My own recent synchronicity was stumbling upon an obscure work in Atlantis, London’s finest bookstore, that also deals, imaginatively, with Crowley. Richard McNeff’s Sybarite Among The Shadows finds Crowley prowling London in 1936, a shadow, indeed, of his former self, but still extraordinarily compelling, as he wheedles and needles his old acolyte, Victor Neuberg, into accompanying him once again on a magickal working, to a climax not so far removed from Arnott’s novel. Into this narrative, McNeff shoehorns Dylan Thomas (who Neuberg “discovered” while a literary editor), Augustus John, Nina Hamnett, Tom Driberg, and most memorably, King Edward VIII and Wallis Simpson.
Set, like The Devil’s Paintbrush, over a single night, but with many entertaining flashbacks, Crowley in this incarnation is vividly brought to life, illuminating both his attraction, and his parasitical dependence on others, like Neuberg, who he requires to do his bidding, see the visions he conjures up, and supply the readies. The milieu, too, is both more real and more glamorous, the Fitzrovia of old, haunted by painters, poets and hangers-on, and the notorious Gargoyle Club on Meard Street, where 1930s socialites smoked opium and rubbed shoulders – perhaps – with disgraced royalty.
Published by the fascinating Mandrake Press, Oxford convenors of the Golden Dawn, McNeff’s novel grew out of a characteristically wide-ranging article for International Times in 1977 – probably the last period of serious interest in Crowley. Does Arnott’s novel, and new theatrical and artistic activity signify a new fascination with the Beast?

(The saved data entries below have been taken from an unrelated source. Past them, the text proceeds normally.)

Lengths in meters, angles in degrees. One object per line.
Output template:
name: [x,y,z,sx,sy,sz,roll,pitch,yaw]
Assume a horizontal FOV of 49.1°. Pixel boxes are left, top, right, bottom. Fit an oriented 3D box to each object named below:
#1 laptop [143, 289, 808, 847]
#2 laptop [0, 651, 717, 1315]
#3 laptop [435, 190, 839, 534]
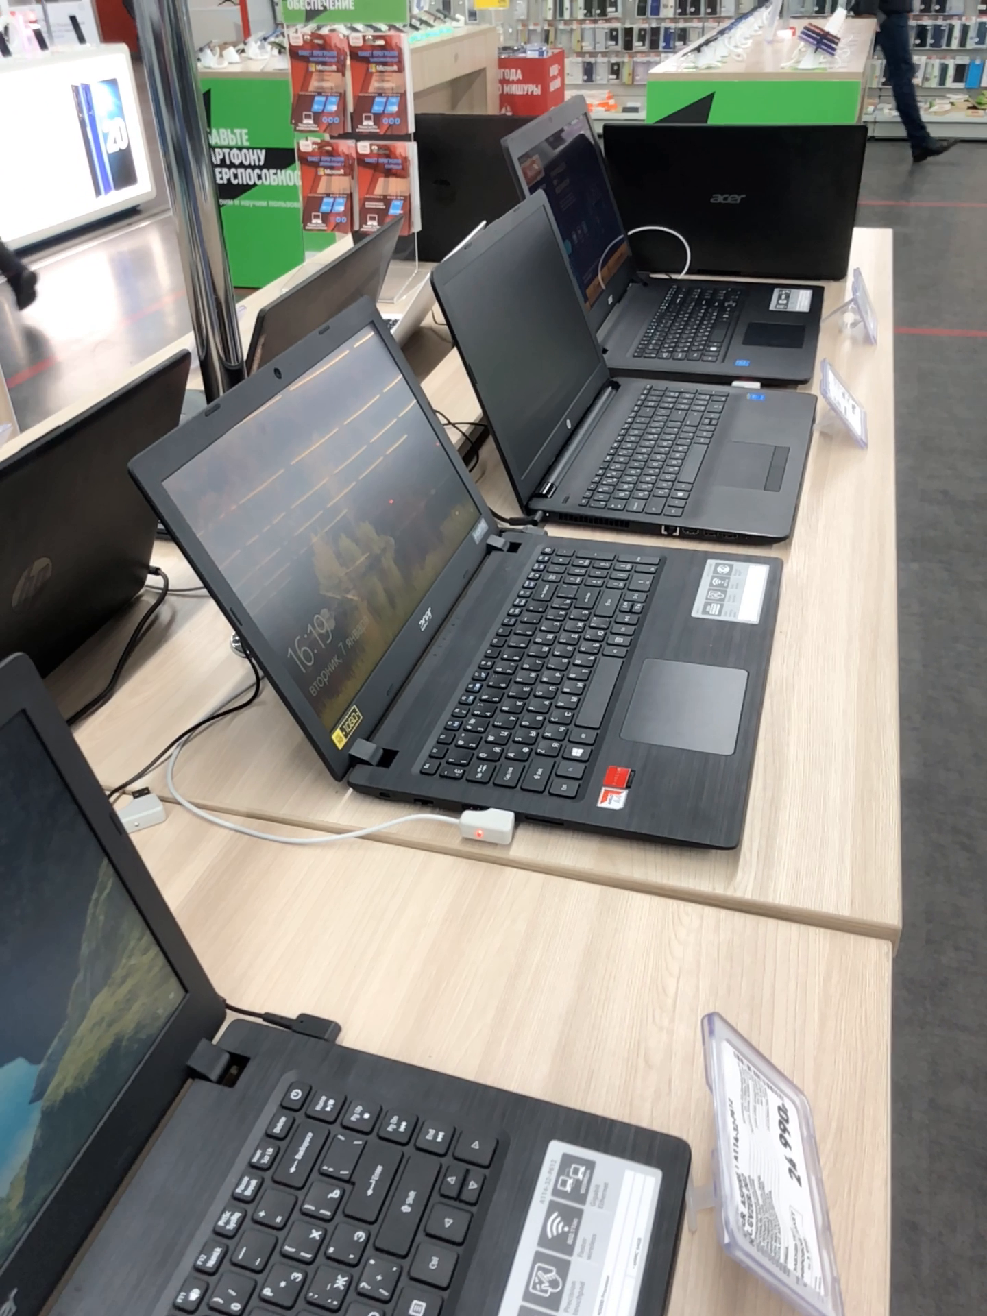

This chain of literary recreations is endless of course, but there’s at least one more that should be mentioned. Bookkake favourite Robert Irwin scores twice in this category. His novel Exquisite Corpse deals with the short-lived English Surrealist movement, and at one point finds itself in the same rooms as Sybarite: those of the New Burlington Galleries and the 1936 London International Surrealist Exhibition. Irwin and McNeff are both dismissive – in different ways – of the Surrealist exercise, but recognise the powerful influence it had on the artists and society of the time. For Crowley (in McNeff’s hands) the Surrealists are toying with forces they neither comprehend nor have any chance of mastering; for Irwin, they are mere provincial pretenders to a graspingly French throne, albeit entertaining ones. In both novels, the figure of the Spirit of Surrealism – an artist’s muse bedecked in white wedding dress and veil of roses – leads the protagonists a merry dance down Regent’s Street and through Soho.
Irwin’s second hit is set in 1967, the height of the first Occult revival, as Satan Wants Me chronicles the attempted operations of an apprentice sorcerer caught between the desire for enlightenment and the lure of sex, drugs and, yes, rock and roll. Crowley here is a nameless presence, but a forceful one: it is his malignant attraction that suckers the thrill-seekers of the Age of Aquarius, pushing their experimentation forward even as darker forces gather.
The greatest writer about Crowley was, of course, Crowley himself, and I don’t know any better book on him than his own Confessions (an “autohagiography”, as he put it). It’s a brick of a book, but for serious Crowley-addicts, as, we must presume, Irwin, McNeff and now Arnott are, it remains the lodestone.